His last words were, "Down with the traitors, the Americans, the spies and the Persians." When he was handed over to Iraqi guards by U.S. forces, he exchanged curses with them.

In the end, Saddam Hussein was hung in an execution chamber that he had created and often used against his enemies ruthlessly.

The New York Times reported that Mr. Hussein "wore a 1940s-style wool cap, a scarf and a long black coat over a white collared shirt."

After his verdict was read to him, Saddam shouted, "Long live the nation! Long live the people! Long live the Palestinians!" He asked for his copy of the Koran to be given to Bandar, a son of a Revolutionary Court judge who was also about to be executed.

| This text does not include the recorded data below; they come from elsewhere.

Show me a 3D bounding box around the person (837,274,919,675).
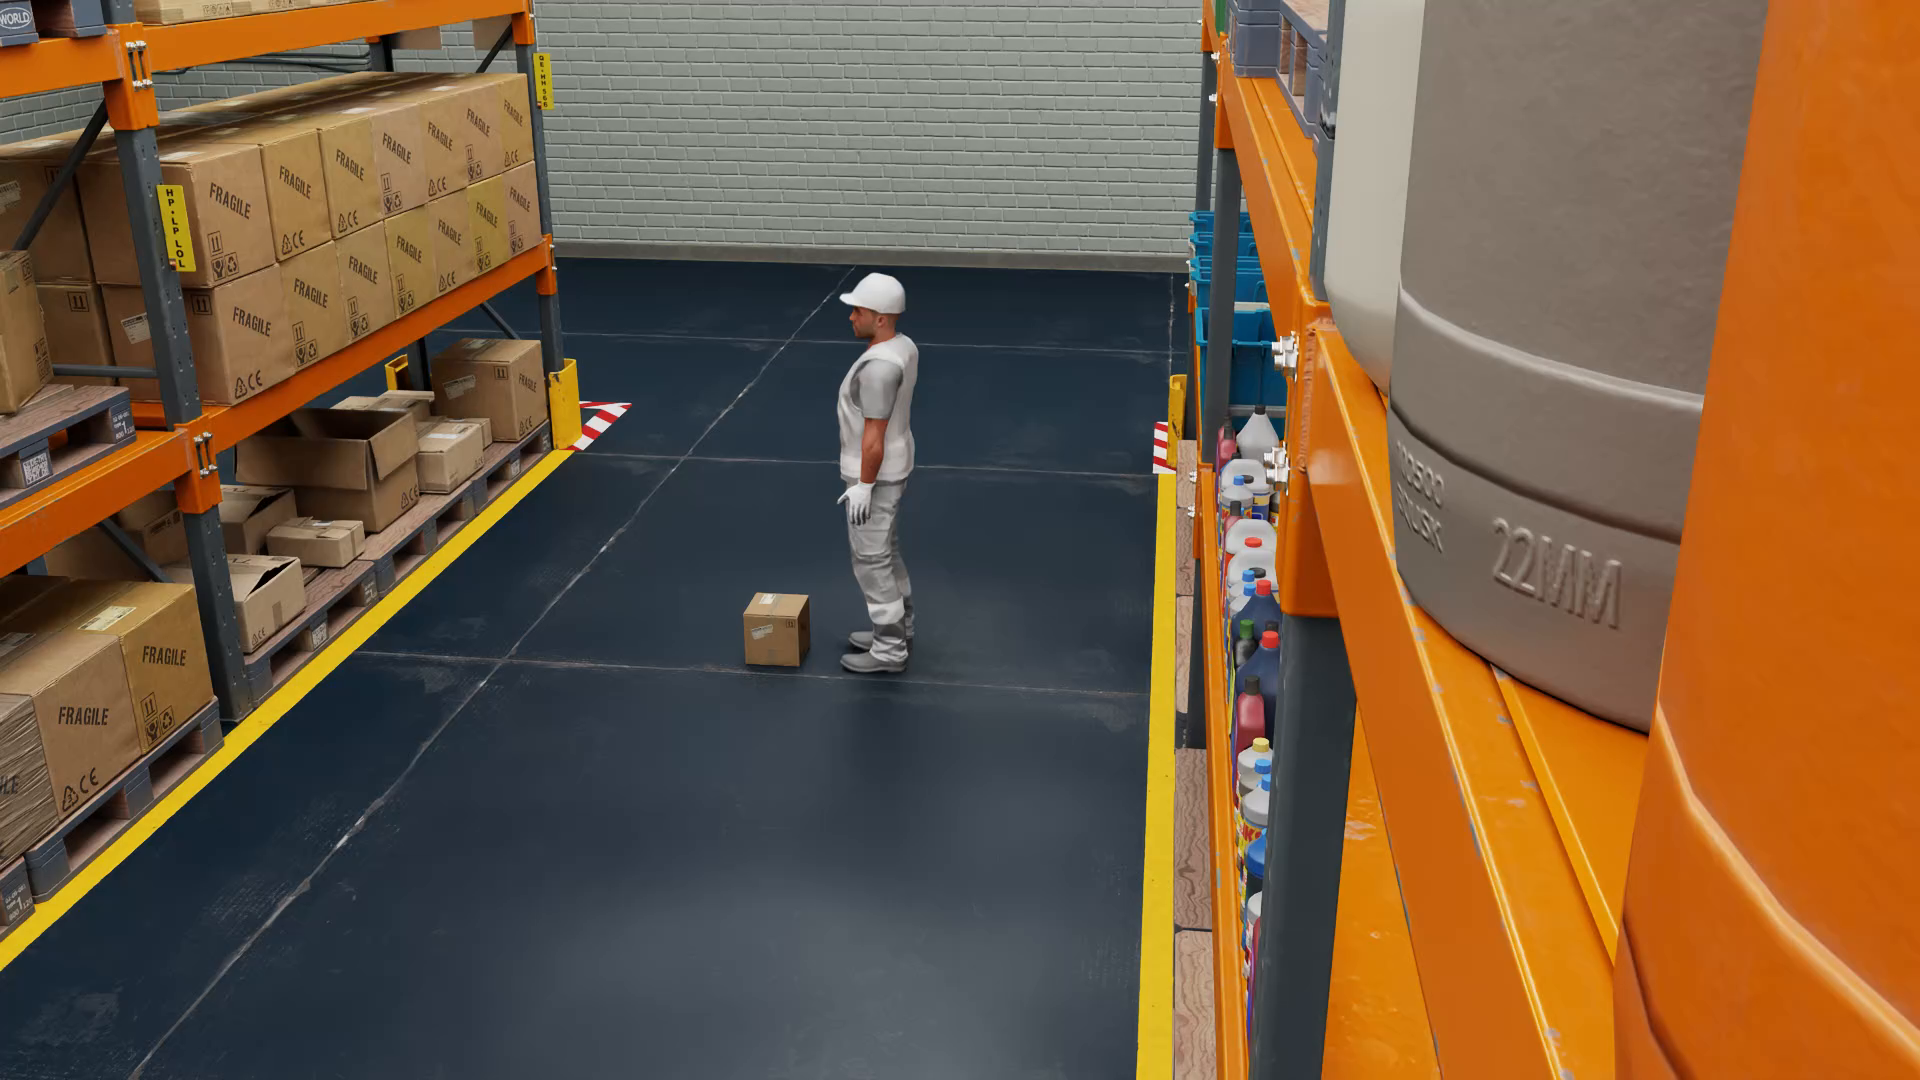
[{"bbox_3d":[-0.366,-0.282,7.288,0.348,1.786,0.523,3,21,8],"label":"person"}]
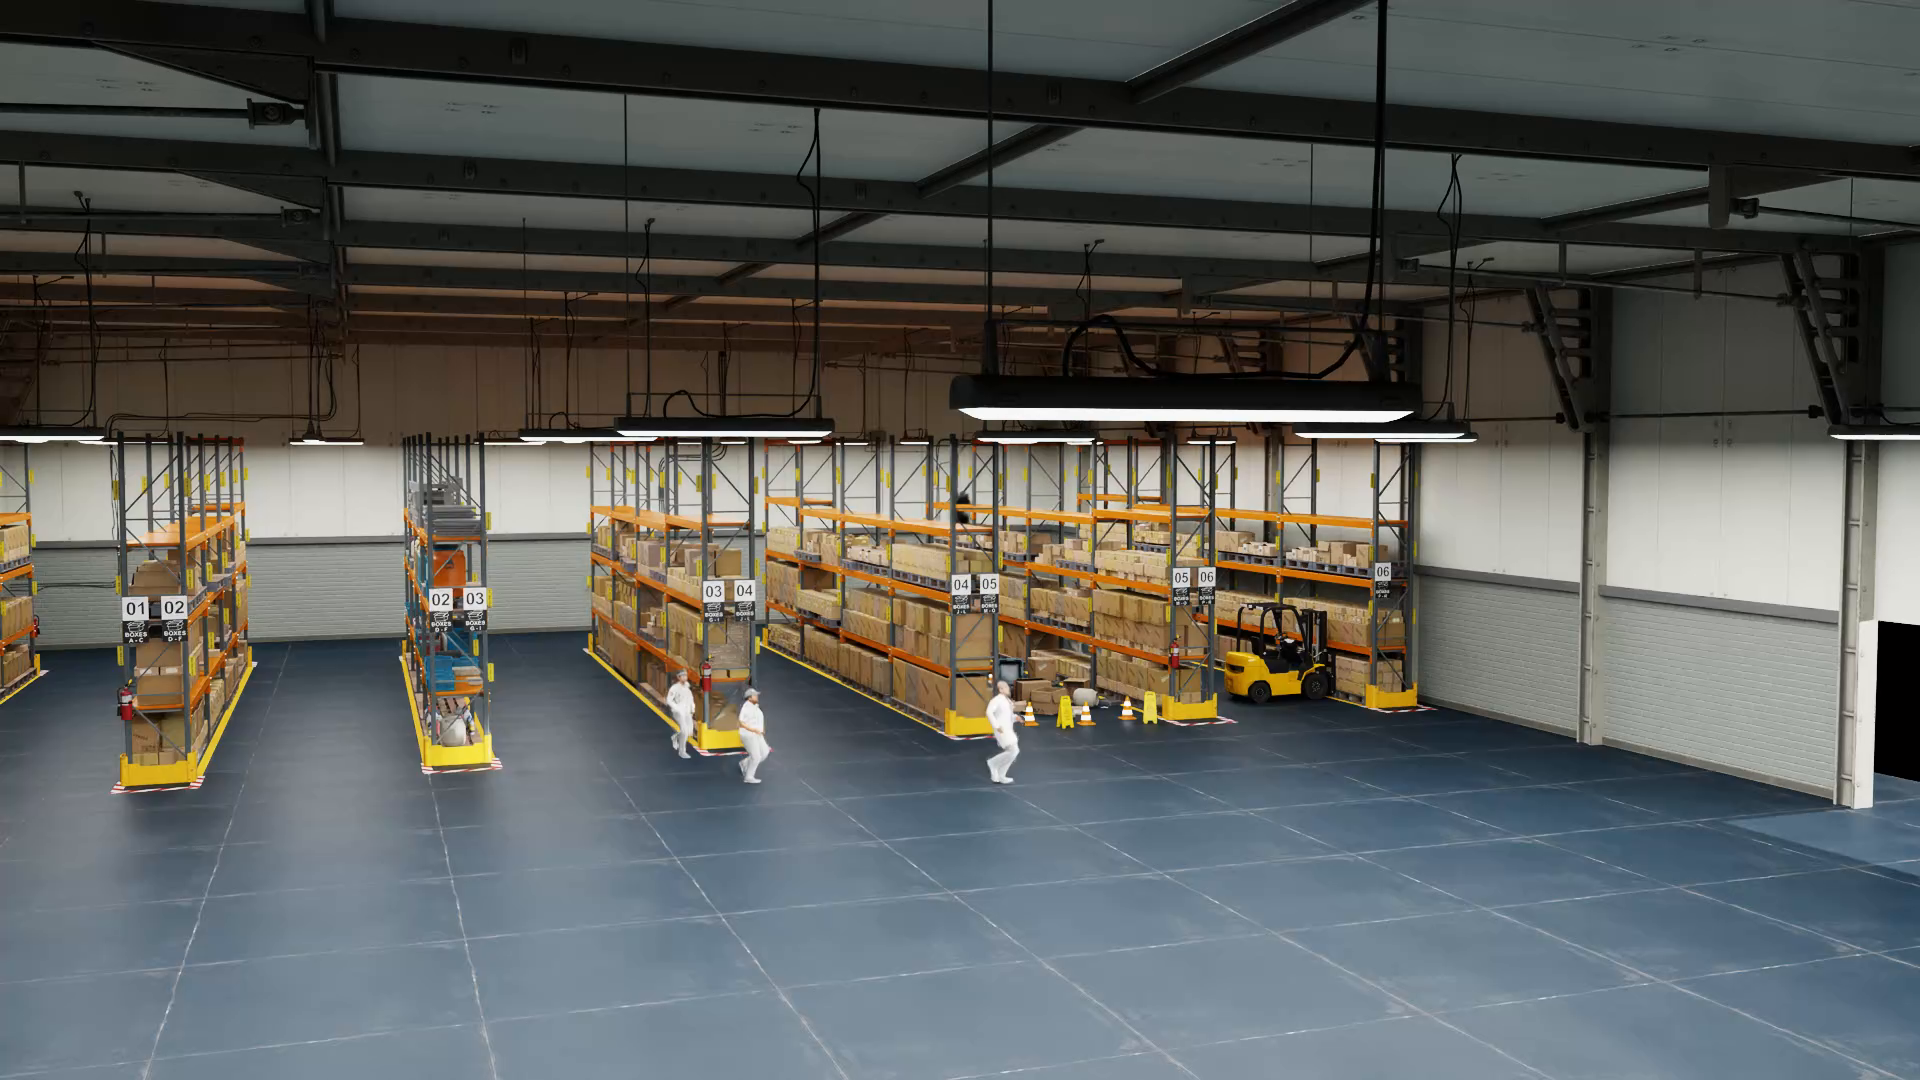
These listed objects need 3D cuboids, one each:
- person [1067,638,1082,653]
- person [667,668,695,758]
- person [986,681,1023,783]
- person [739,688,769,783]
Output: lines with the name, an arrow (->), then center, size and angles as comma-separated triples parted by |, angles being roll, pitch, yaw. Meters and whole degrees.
person -> 3.138, 2.412, 44.897 | 0.575, 1.627, 0.596 | -1, 3, -19
person -> -5.195, 3.194, 30.865 | 0.584, 1.662, 0.654 | 2, 4, 38
person -> 0.768, 3.276, 28.353 | 0.572, 1.738, 0.775 | 1, 3, 19
person -> -3.550, 3.338, 28.363 | 0.524, 1.621, 0.570 | 1, 3, 15
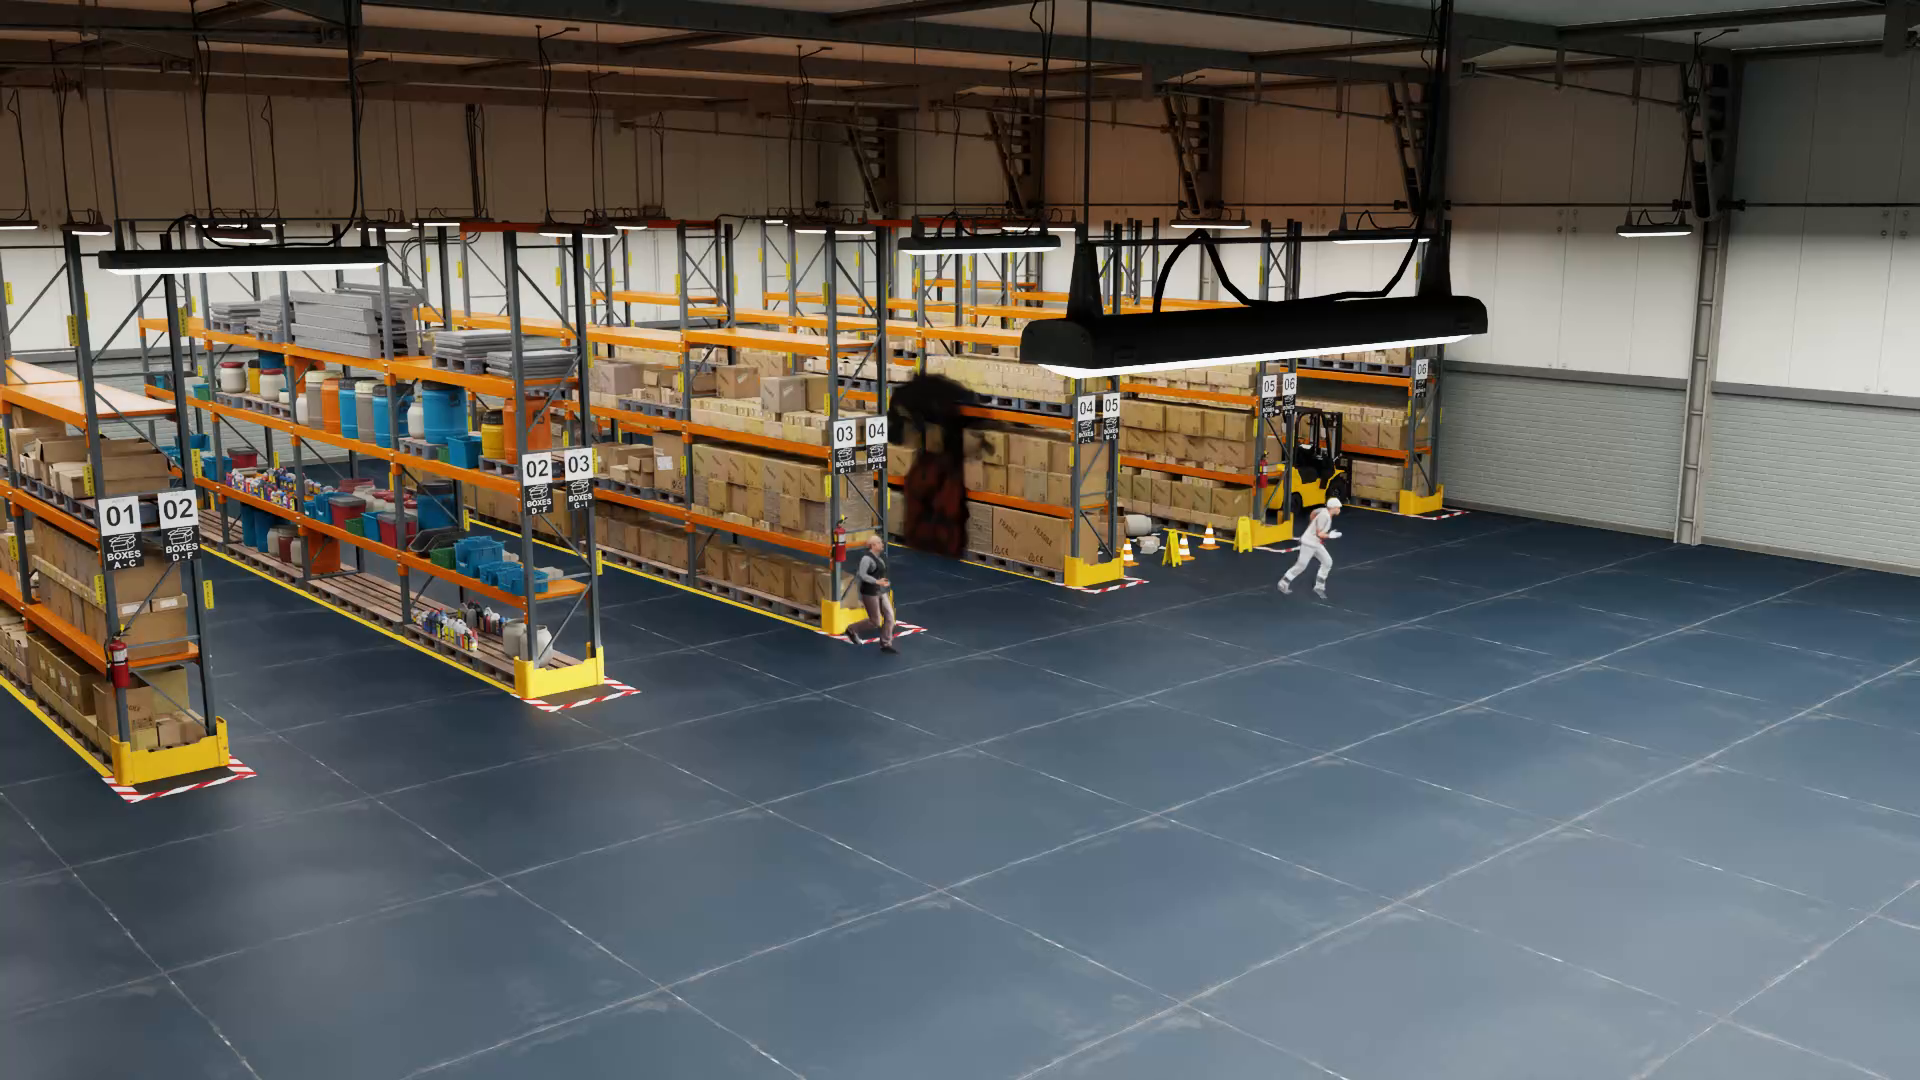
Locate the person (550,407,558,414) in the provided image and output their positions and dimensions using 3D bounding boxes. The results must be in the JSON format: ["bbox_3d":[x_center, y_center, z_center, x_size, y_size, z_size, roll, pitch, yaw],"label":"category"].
[{"bbox_3d":[-9.573,-2.300,38.939,0.729,1.698,0.580,-1,11,-7],"label":"person"}]

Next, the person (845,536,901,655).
[{"bbox_3d":[-1.249,0.782,23.753,0.832,1.719,0.697,5,12,21],"label":"person"}]

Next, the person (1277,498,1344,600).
[{"bbox_3d":[5.700,0.143,27.066,1.020,1.714,0.707,4,12,18],"label":"person"}]
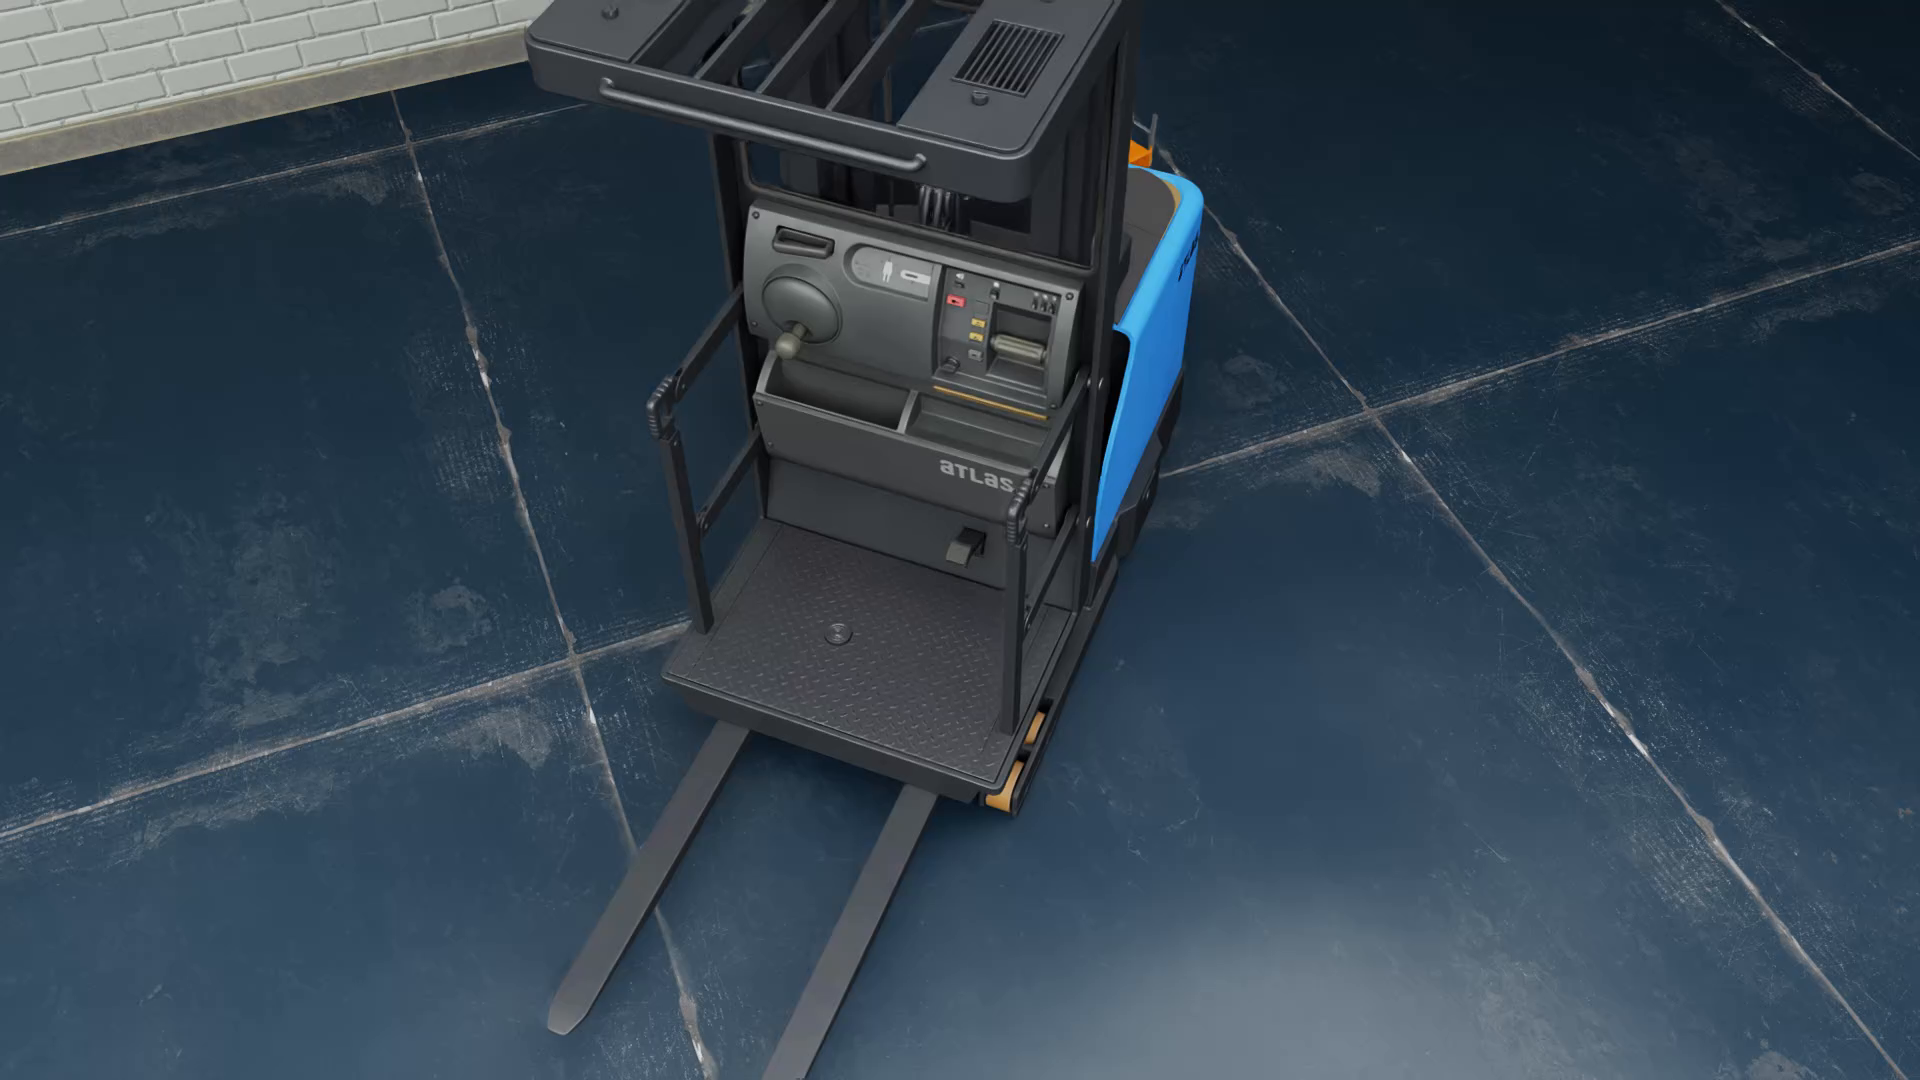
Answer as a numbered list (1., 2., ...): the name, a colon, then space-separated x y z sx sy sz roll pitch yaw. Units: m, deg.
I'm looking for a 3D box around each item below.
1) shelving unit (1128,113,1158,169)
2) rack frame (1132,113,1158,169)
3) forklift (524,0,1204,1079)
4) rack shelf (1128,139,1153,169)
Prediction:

As they began to pray near the gallows, the guards taunted him by calling out the name of radical Shiite cleric Moktada al-Sadr.

As one of the guards became angry, they told Saddam, "You have destroyed us. You have killed us. You have made us live in destitution."

Mr. Hussein was scornful: "I have saved you from destitution and misery and destroyed your enemies, the Persians and Americans."

The guard cursed him. "God damn you."

Mr. Hussein replied back, "God damn you."

The images which emerged looked indistinguishable from Iraqi insurgents beheading foreign journalists on home video cameras.

Were these hundreds of thousands of deaths, these billions of dollars to fight this unnecessary war and the charade of judicial process worth this kind of hastily arranged 6 a.m. photo-op? Was this an act of bravado to the Arab world? Or was it to show the Americans that the new regime meant business? Did the trauma imposed upon Shiites and Kurds mean that they were somehow fit to carry out an impartial justice or was this just sweet revenge? Did international law really prevail? Who was more free and was going to live without coercion now in Iraq?

Slovenian academic Slavoj Zizek brilliantly observed recently that, "'human rights are, as such, a false ideological universality, which masks and legitimizes a concrete politics of Western imperialism, military interventions and neo-colonialism."

Saddam coined phrases like “the mother of all battles” and was relatively harmless with his cache of errant scud missiles during the first Gulf War -- a kind of bumbling foe prone to hyperbole. He was, after all, actively supported by the United States, just like Osama Bin Laden, even though they knew about his human rights violations against Kurds, Shiites and his other political opponents in the 1980's. His picture with Donald Rumsfeld from that era is priceless.

The West grew up with him on their television sets. When he defended himself in court, it was a kind of belated, bloated performance of an amateur theater troupe -- a simulation of legal proceeding and a gesture par excellence of democratic process. His legal training from Cairo was finally being put to use in his own defense. Even former U.S. Attorney General Ramsey Clark raised concerns about the process in Saddam's defense.